Implementing the swap in the copy and swap idiom

Question

Following What is the copy and swap idiom and How to provide a swap function for my class, I tried implementing the swap function like in the latter accepted answer option number 2 (having a free function that calls a member function) instead of the direct friendly free function in the former link.

However the following doesn't compile

#include <iostream>

// Uncommenting the following two lines won't change the state of affairs
// class Bar;
// void swap(Bar &, Bar &);
class Bar {
public:
  Bar(unsigned int bottles=0) : bottles(bottles) { enforce(); } // (1)
  Bar(Bar const & b) : bottles(b.bottles) { enforce(); } // (1)

  Bar & operator=(Bar const & b) {
    // bottles = b.bottles;
    // enforce();
    // Copy and swap idiom (maybe overkill in this example)
    Bar tmp(b); // but apart from resource management it allows (1)
                // to enforce a constraint on the internal state
    swap(*this, tmp); // Can't see the swap non-member function (2)
    return *this;
  }

  void swap(Bar & that) {
    using std::swap;
    swap(bottles, that.bottles);
  }

  friend std::ostream & operator<<(std::ostream & out, Bar const & b) {
    out << b.bottles << " bottles";
    return out;
  }

private:
  unsigned int bottles;
  void enforce() { bottles /=2; bottles *= 2; } // (1) -- Ensure the number of bottles is even
};

void swap(Bar & man, Bar & woman) { // (2)
  man.swap(woman);
}

int main () {
  Bar man (5);
  Bar woman;

  std::cout << "Before -> m: " << man << " / w: " << woman << std::endl;
  swap(man, woman);
  std::cout << "After  -> m: " << man << " / w: " << woman << std::endl;

  return 0;
}

I know that the copy and swap idiom is overkill here but it also allows one to enforce some constraint on the internal state through the copy constructor (1) (A more concrete example would be to maintain a fraction in reduced form).
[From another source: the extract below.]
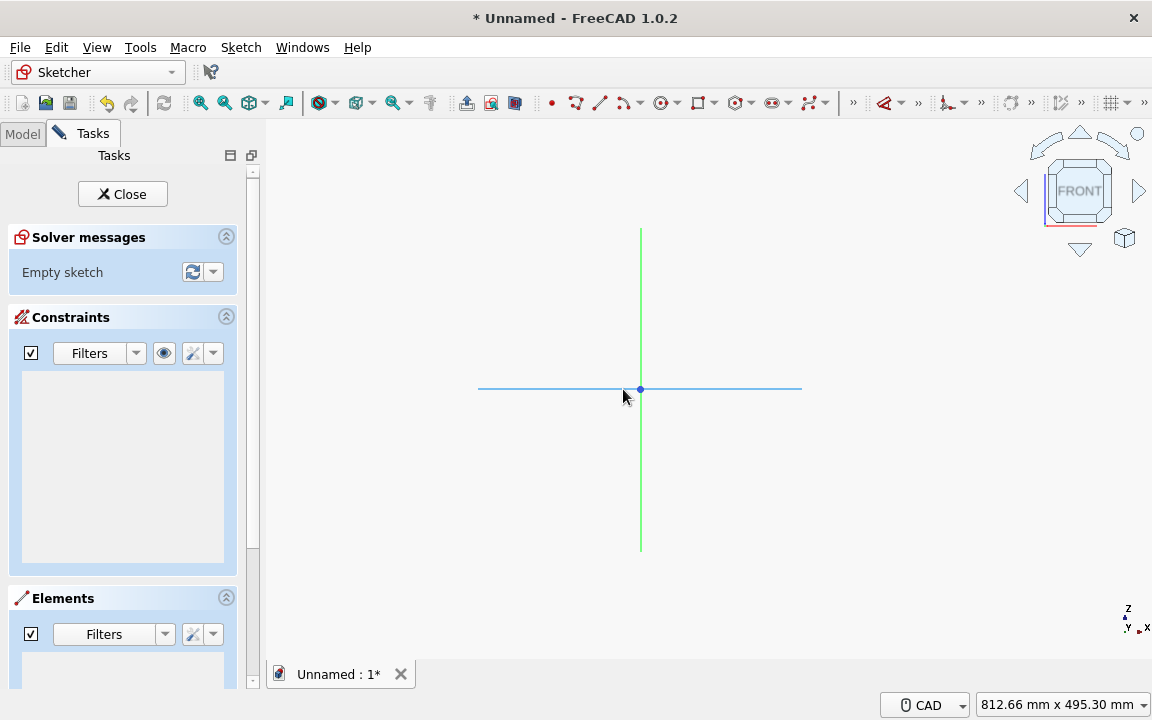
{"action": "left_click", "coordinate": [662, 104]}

Unfortunately, this doesn't compile because the only candidate for (2) that the compiler sees is the Bar::swap member function. Am I stuck with the friend non-member function approach?

EDIT: Go to my answer below to see what I ended up with thanks to all the answers and comments on this question.

In no way does your code follow the [successful solution](http://stackoverflow.com/a/3279550/366904) in GMan's answer. — Cody Gray - on strike, Mar 15 '16 at 12:11
if you correctly implement a nothrow move-assignment operator and move-constructor there is no need to implement swap. — Richard Hodges, Mar 15 '16 at 12:20
If there was ever a good example of slide 50 from this slide deck (http://www.slideshare.net/ripplelabs/howard-hinnant-accu2014), this example is it. Default the copy constructor and copy assignment operator and you will get code that is optimal and correct. You can do so simply by not mentioning them. The compiler will implicitly declare and define optimal code. — Howard Hinnant, Mar 16 '16 at 02:53
@HowardHinnant I liked the slides, thanks for sharing them, too bad there's no video of it. — green diod, Mar 16 '16 at 08:10

Richard Hodges · Accepted Answer · 2016-03-15T14:29:03.790

5

I take it we're post c++11?

In which case, the default implementation of std::swap will be optimal, provided we correctly implement the move-assignment operator and the move-constructor (ideally nothrow)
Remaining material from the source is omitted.